Os relatórios de Smirnov foram registados num formulário do FBI chamado 1023, que os agentes utilizam para registar relatórios não verificados de informadores.
Anos mais tarde, em maio de 2020, Smirnov terá enviado uma mensagem de texto ao seu supervisor do FBI a dizer que Joe Biden ia "para a cadeia". Smirnov terá dito ao seu supervisor que iria "obter as gravações" de Hunter Biden a dizer a Burisma que o seu pai iria "tomar conta" do procurador-geral - uma alegação que foi promovida na altura pelos principais aliados de Trump e agentes russos.
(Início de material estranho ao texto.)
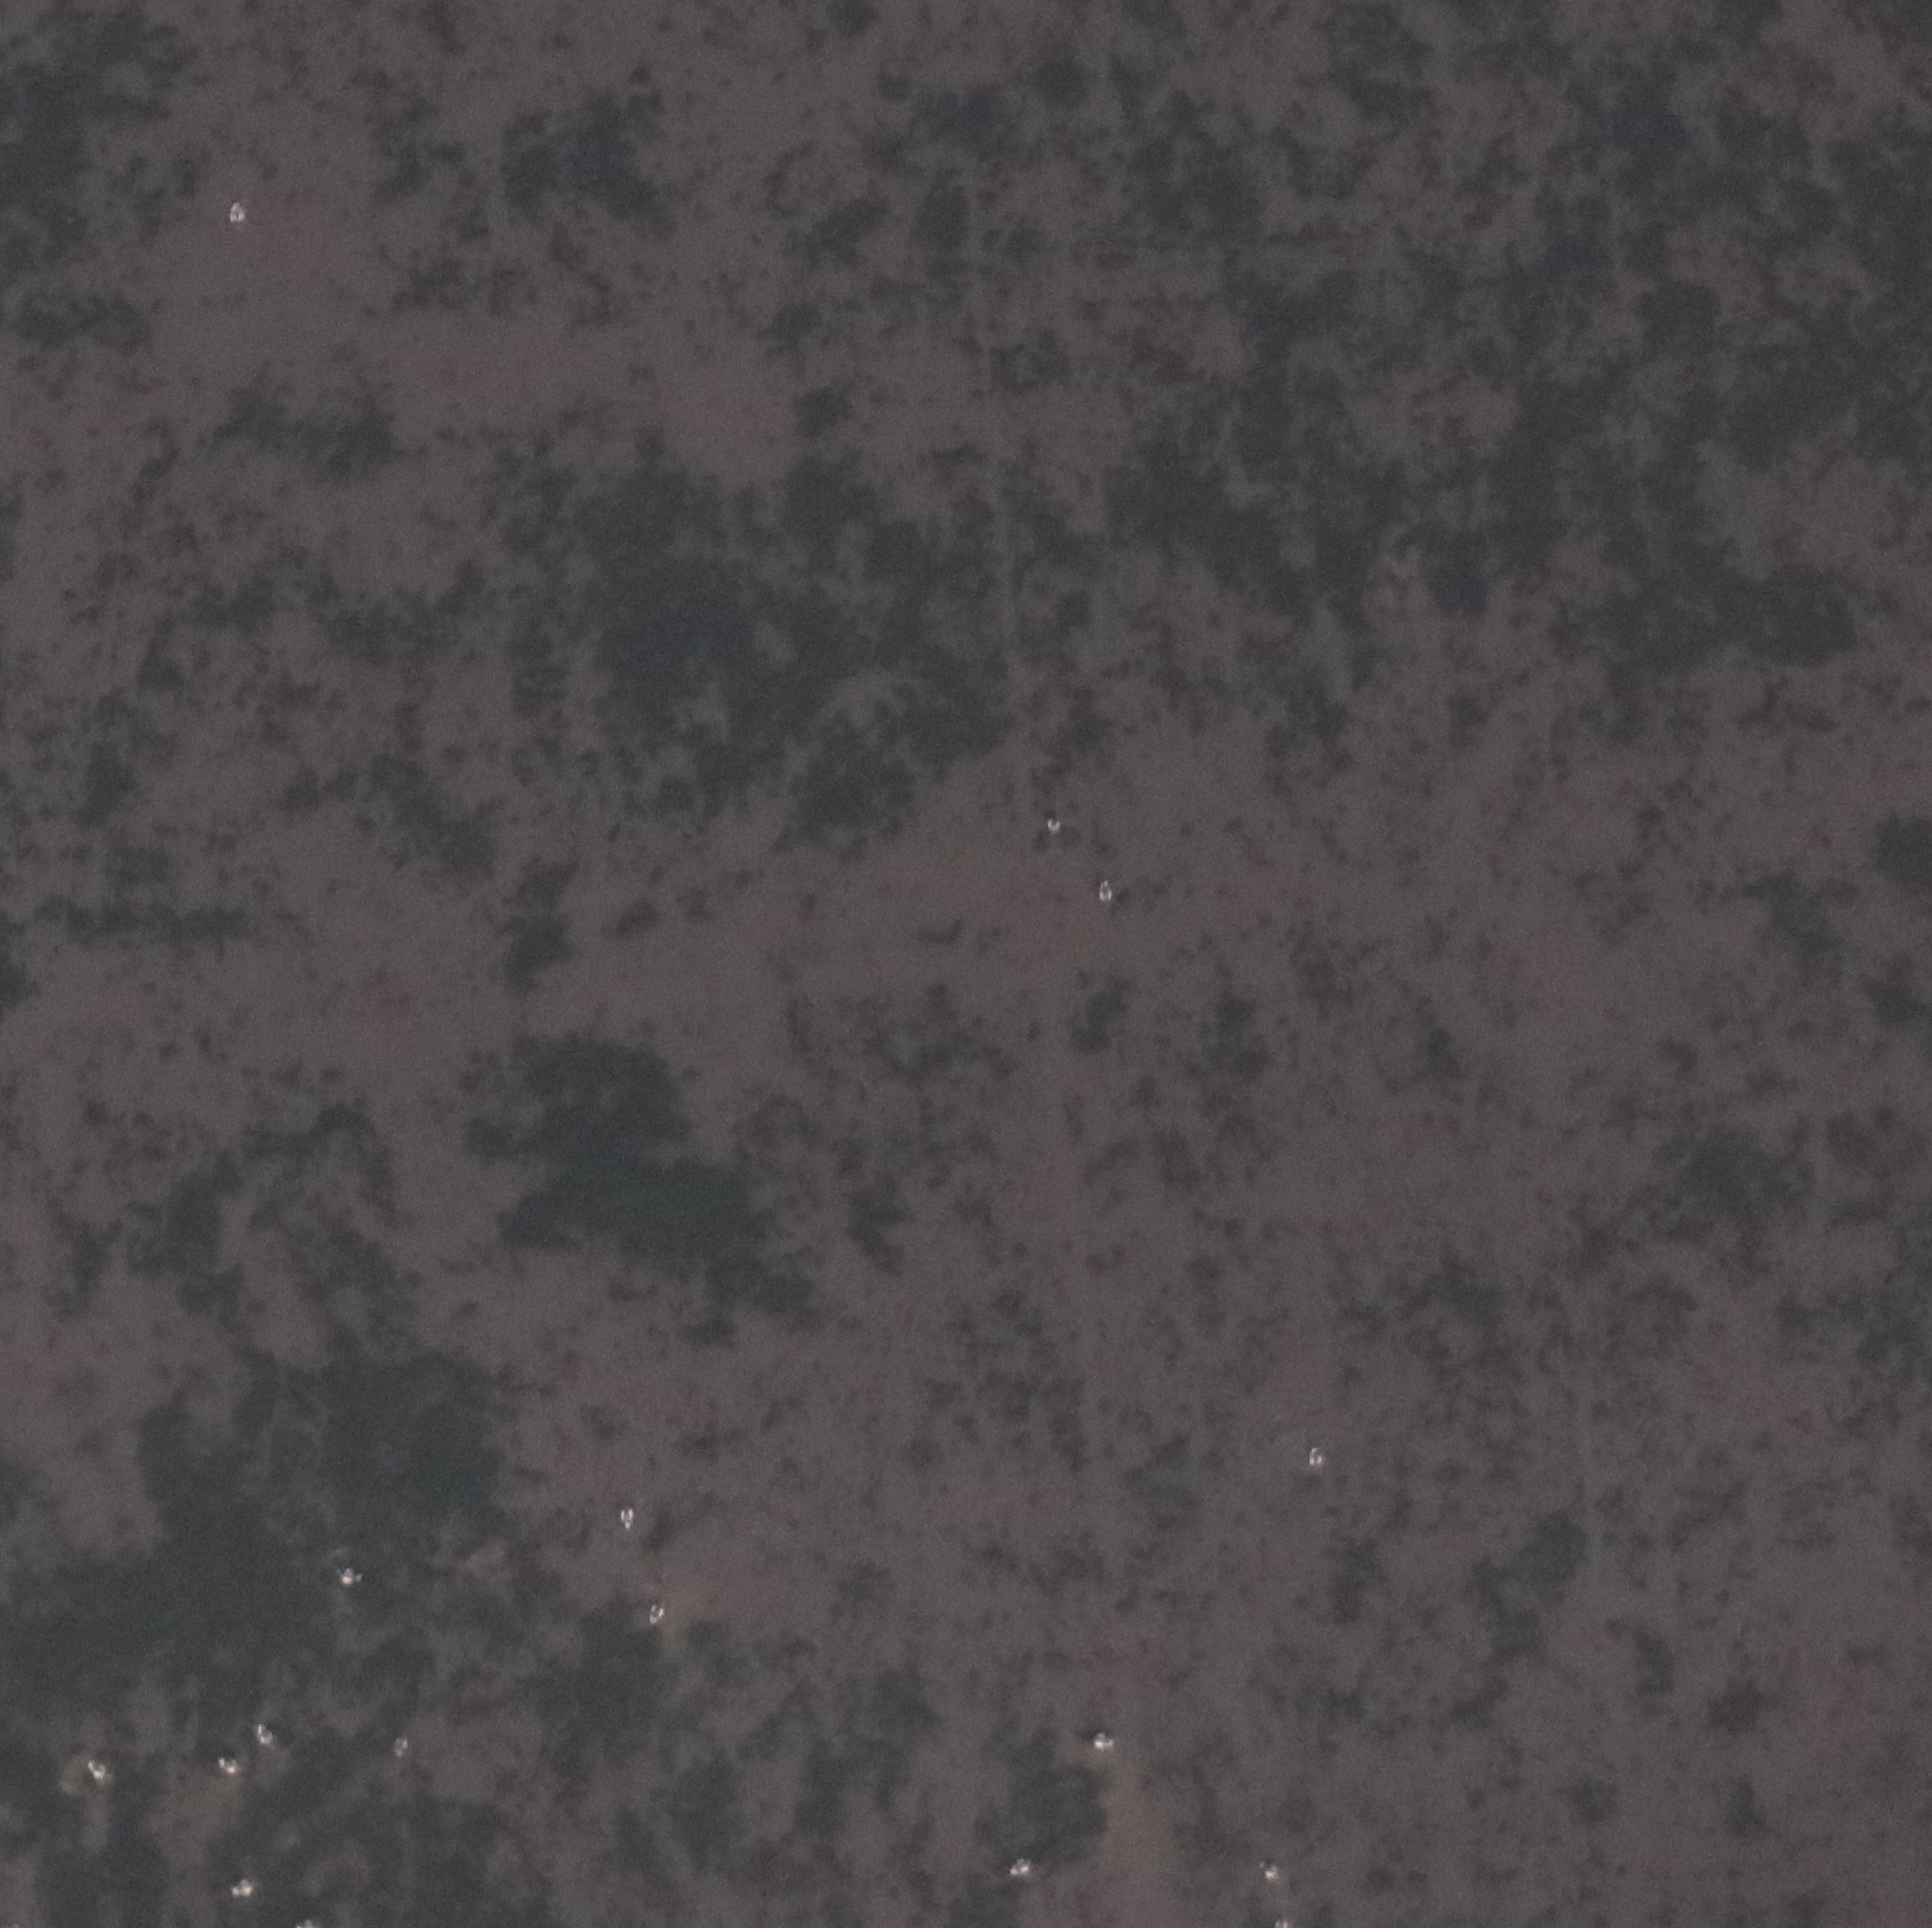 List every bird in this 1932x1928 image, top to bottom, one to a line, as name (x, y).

Durante meses, segundo os procuradores, Smirnov não forneceu qualquer informação que sustentasse as suas alegações.
Em junho de 2020, o procurador dos EUA baseado em Pittsburgh na altura, Scott Brady, foi incumbido por funcionários do Departamento de Justiça (DOJ) de ajudar a analisar informações do público "que possam ser relevantes para assuntos relacionados com a Ucrânia. Como parte de sua revisão, o FBI Pittsburgh abriu uma avaliação do documento que memorializou a discussão de Smirnov em 2017 com os executivos da Burisma.
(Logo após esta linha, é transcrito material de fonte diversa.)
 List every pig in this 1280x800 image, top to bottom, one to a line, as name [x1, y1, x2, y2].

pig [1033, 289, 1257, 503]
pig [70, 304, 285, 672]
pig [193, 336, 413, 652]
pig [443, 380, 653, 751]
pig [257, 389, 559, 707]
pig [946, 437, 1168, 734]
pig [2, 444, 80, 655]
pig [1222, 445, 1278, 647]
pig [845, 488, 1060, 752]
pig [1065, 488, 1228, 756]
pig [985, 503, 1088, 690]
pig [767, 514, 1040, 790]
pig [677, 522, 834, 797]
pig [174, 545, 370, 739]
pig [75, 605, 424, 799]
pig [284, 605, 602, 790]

É nesse ponto, alegam os promotores, que Smirnov fez as primeiras alegações explosivas sobre os Bidens. Smirnov disse ao FBI que os executivos da Burisma lhe admitiram em 2015 e 2016 que tinham contratado Hunter Biden para "nos proteger, através do pai dele, de todo o tipo de problemas" e que tinham pago 5 milhões de dólares a cada Biden.
O FBI pediu a Smirnov que entregasse documentos para determinar se as informações que forneceu eram exactas. Os procuradores dizem que, dois meses depois, os membros do FBI e a direção do DOJ concordaram que a sua avaliação das alegações de Smirnov fosse encerrada.
Mas, de acordo com o seu próprio testemunho privado, no ano passado, perante o Comité Judicial da Câmara dos Representantes, Scott Brady afirmou que era "capaz de corroborar certas informações que foram representadas pelo CHS e que estão memorizadas neste 1023", incluindo através de alguns registos de viagens que Smirnov tinha fornecido.
Os procuradores dizem agora que os registos de viagem de Smirnov vão ser usados como prova contra ele no seu processo criminal, provando que mentiu sobre as suas reuniões com os executivos da Burisma.
Brady disse acreditar que havia um "indício suficiente de credibilidade" em aspectos do 1023 e informou Weiss sobre o documento, de acordo com a transcrição da entrevista. Brady disse que pediu ao FBI que entregasse o documento ao gabinete de Weiss.
Aparentemente, Weiss manteve essa investigação aberta até julho de 2023, altura em que o FBI abordou a sua equipa sobre "alegações relacionadas com" as alegações de Smirnov. Nessa altura, as alegações de Smirnov, embora não lhe fossem atribuídas publicamente, foram lançadas para a ribalta política pelos republicanos que promoveram incansavelmente a sua história de suborno de Biden.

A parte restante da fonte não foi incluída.